16.05.2008
Pour Louise sonne le glas.
Chez moi, la mort tient une place importante en ce moment. Vous avez d'ailleurs pu le constater avec mes notes Cluedo qui relataient mon "assassinat" ou encore la fausse annonce concernant le vrai-faux décès de Pascal Sevran. De plus, nous avons décidé d'aller visiter les Catacombes à Paris (pas de chance, c'était exceptionnellement fermé ce dimanche) et nous n'avons de cesse de lire aux enfants des livres concernant les habitudes mortuaires des Egyptiens ou des Incas. Nous avons également une petite collection de crânes d'animaux trouvés ici ou là au gré de nos promenades. Ainsi que l'a fort bien dit Pierre Goubert dans son étude "Louis XIV et vingt millions de français", "le cimetière était au centre du village comme la mort était au centre de la vie", nous apprenons aux enfants que la mort fait partie de la vie, nous ne la cachons pas. Nous l'apprivoisons à notre manière, car, hélas, nous aurons affaire à elle un de ces jours. Je vous l'accorde, le plus tard sera le mieux.
A ma mort, je n'arrive pas à me décider : crémation ou inhumation ?
La crémation ? Le fait qu'il ne reste plus rien me gêne. De plus, je trouve le cérémonial de la crémation fort pénible pour les proches : attendre que la dépouille brûle dans ces énormes machines me déplait fortement.
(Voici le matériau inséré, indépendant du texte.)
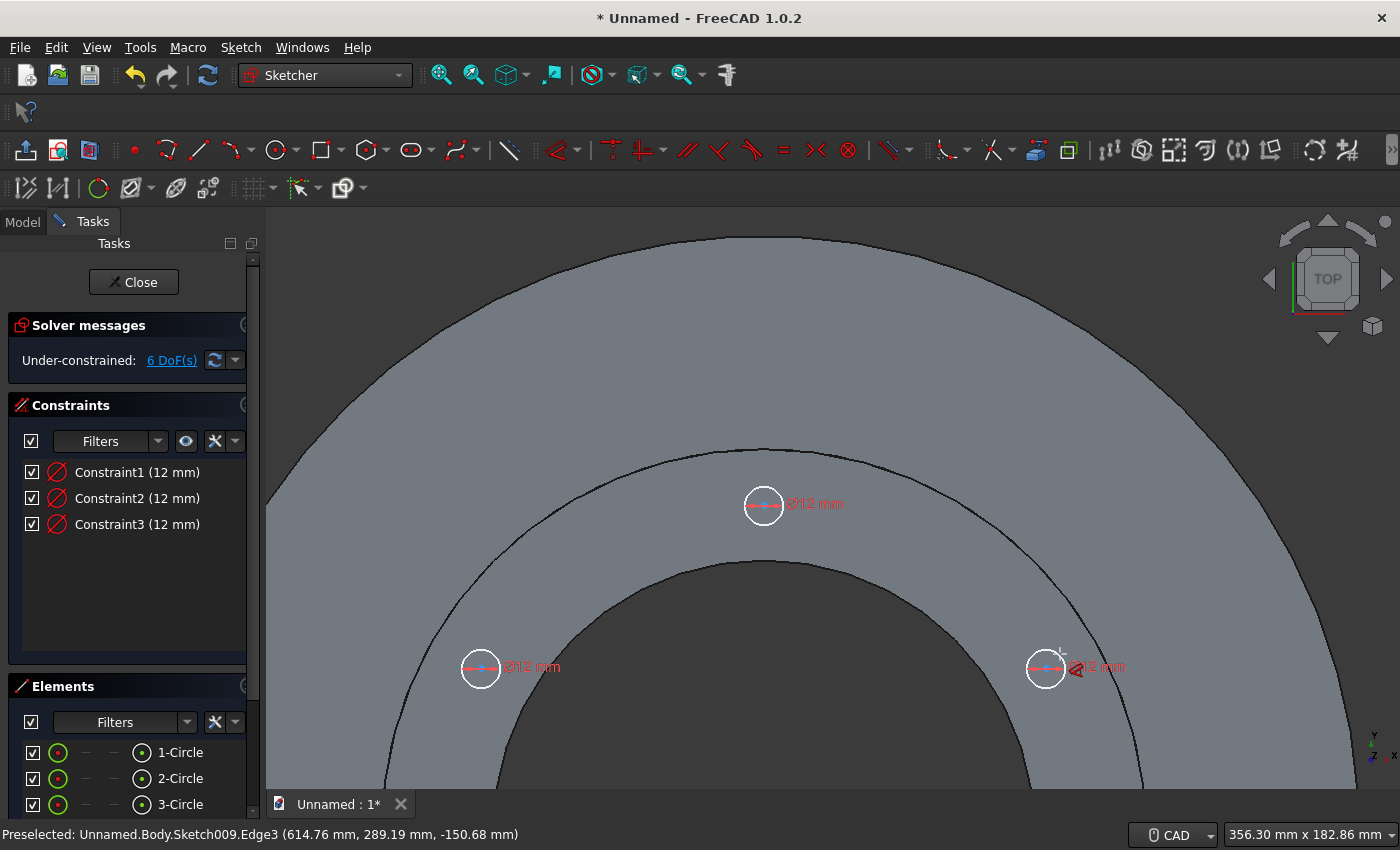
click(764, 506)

Je passe rapidement sur le coup de vent impromptu qui envoie vos cendres dans la décharge située derrière la plage plutôt qu'en mer ou il était prévu qu'à l'origine elles terminent leur course : "Zut, Louise s'est envolée vers la déchetterie !" ; reconnaissez que ça fait désordre.
Parlons alors de l'inhumation. Je déteste les cercueils clinquants avec du taffetas à l'intérieur, le plus simple sera le mieux. Jeter une poignée de terre sur le cercueil d'un membre de ma famille prêt à être enterré est impossible à faire pour moi. Quant à la pensée d'être bouffée lentement mais sûrement par les petites bêtes, ça me chagrine un tantinet. Enfin, être enterrée dans les affreux cimetières français et lequel (grande question !), ne me convient pas et le fait que cela oblige mes proches à entretenir ma foutue tombe en marbre horrible et froid ne m'incite guère à choisir cette solution. Je préfère qu'on se souvienne de moi comme ça, de temps en temps, au gré de ses humeurs, pas uniquement à la Toussaint parce qu'il faut.
En fait, il y a une solution qui me plairait. Mais hélas, elle n'existe pas encore en France et fait hurler les fous de la dalle en marbre rose. C'est la transformation de mes cendres en une pierre qu'on peut ensuite faire monter en bijou. C'est kitsch mais ça me plait ! Ainsi, je serai toujours encore un peu avec ma famille. Certes, il faut que je passe d'abord par la crémation mais je veux bien faire une petit effort. Et puis cette transformation de mon corps en cailloux ne se pratiquant que de l'autre côté de l'Atlantique, ce sera l'occasion pour mes enfants et pour moi dans ma petite urne de faire un petit voyage. Toutes les occasions sont bonnes !
Le problème de ma dépouille est donc réglé. (il va quand même falloir que je me décide à aller consigner tout cela chez le notaire. A bientôt quarante ans il est temps, sinon on va m'enterrer de force dans un cimetière qui ne me plaira pas quand ce sera mon heure)
Maintenant, se pose la question de la cérémonie.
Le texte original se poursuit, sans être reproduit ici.